[Data shown — start]

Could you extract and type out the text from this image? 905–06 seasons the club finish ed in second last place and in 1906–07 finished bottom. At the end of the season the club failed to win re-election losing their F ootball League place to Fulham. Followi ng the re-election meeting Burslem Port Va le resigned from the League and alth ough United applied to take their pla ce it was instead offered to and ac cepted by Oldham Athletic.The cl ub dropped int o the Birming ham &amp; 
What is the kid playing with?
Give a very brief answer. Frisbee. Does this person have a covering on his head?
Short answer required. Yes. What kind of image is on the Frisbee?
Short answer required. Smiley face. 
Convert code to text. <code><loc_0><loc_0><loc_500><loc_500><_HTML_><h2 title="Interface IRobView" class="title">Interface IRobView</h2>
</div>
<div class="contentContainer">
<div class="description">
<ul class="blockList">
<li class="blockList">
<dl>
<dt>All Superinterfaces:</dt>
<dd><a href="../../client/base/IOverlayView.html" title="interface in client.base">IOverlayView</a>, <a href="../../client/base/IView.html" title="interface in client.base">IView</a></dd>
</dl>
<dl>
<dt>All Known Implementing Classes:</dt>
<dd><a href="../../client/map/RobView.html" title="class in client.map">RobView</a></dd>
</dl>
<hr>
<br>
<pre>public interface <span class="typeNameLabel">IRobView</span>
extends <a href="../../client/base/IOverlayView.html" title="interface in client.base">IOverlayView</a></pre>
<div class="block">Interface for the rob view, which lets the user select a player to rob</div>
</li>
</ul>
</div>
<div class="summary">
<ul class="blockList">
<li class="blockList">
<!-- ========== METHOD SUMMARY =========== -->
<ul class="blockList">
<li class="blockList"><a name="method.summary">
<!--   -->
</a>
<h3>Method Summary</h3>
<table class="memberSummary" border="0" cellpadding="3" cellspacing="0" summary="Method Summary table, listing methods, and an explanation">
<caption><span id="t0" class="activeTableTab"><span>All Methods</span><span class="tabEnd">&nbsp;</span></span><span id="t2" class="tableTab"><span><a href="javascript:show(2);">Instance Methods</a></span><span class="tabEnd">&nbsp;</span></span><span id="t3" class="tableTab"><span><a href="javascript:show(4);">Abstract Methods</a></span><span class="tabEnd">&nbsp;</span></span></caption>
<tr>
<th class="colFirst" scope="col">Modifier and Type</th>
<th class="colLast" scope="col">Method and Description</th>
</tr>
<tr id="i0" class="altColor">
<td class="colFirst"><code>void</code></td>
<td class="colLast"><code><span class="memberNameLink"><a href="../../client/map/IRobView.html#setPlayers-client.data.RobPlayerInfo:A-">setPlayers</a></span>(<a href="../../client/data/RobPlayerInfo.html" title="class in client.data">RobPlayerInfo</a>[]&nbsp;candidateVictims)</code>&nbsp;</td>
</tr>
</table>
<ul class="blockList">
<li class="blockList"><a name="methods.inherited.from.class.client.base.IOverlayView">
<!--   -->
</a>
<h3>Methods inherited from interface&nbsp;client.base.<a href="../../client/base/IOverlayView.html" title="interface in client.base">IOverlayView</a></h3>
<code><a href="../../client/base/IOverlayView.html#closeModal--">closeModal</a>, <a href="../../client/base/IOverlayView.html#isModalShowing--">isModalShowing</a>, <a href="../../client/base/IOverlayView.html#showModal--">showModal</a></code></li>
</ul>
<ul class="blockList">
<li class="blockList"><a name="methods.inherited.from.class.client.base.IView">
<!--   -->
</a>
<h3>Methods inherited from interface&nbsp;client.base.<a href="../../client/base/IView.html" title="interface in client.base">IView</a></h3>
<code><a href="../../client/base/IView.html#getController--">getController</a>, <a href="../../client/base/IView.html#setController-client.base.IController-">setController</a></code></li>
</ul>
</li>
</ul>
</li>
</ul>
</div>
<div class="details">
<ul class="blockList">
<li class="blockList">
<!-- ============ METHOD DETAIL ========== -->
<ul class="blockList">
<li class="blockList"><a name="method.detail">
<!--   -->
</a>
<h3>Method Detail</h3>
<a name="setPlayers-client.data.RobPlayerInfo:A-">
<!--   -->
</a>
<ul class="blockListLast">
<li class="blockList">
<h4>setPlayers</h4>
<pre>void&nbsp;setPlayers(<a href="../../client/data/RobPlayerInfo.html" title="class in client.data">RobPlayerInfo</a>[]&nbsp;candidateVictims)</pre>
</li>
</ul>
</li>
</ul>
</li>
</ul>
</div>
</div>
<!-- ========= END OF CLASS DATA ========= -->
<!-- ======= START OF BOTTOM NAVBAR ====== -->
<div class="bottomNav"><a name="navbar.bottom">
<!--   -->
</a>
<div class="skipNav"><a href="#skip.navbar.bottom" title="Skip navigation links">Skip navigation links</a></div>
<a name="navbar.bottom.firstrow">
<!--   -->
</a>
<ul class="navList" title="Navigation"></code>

[Data shown — finish]
[Data shown — start]

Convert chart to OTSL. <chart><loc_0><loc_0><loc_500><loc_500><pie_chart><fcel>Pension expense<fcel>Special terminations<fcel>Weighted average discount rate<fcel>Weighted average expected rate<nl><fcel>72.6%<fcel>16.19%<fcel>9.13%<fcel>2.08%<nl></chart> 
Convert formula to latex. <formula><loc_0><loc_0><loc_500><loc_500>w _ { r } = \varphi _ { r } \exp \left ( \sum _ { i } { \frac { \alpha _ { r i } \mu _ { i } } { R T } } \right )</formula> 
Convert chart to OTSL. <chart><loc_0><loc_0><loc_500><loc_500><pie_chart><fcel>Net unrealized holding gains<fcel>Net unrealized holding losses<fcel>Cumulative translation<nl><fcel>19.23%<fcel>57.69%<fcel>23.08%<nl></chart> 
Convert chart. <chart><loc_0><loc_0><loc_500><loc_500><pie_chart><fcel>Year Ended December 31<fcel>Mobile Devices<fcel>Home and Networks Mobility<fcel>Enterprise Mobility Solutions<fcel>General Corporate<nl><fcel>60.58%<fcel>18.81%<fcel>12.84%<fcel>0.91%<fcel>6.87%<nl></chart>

[Data shown — finish]

Work to be completed
Find the string "span" in the material above. Then copy each line that has it.

Solution to the problem
<pre>public interface <span class="typeNameLabel">IRobView</span>
<caption><span id="t0" class="activeTableTab"><span>All Methods</span><span class="tabEnd">&nbsp;</span></span><span id="t2" class="tableTab"><span><a href="javascript:show(2);">Instance Methods</a></span><span class="tabEnd">&nbsp;</span></span><span id="t3" class="tableTab"><span><a href="javascript:show(4);">Abstract Methods</a></span><span class="tabEnd">&nbsp;</span></span></caption>
<td class="colLast"><code><span class="memberNameLink"><a href="../../client/map/IRobView.html#setPlayers-client.data.RobPlayerInfo:A-">setPlayers</a></span>(<a href="../../client/data/RobPlayerInfo.html" title="class in client.data">RobPlayerInfo</a>[]&nbsp;candidateVictims)</code>&nbsp;</td>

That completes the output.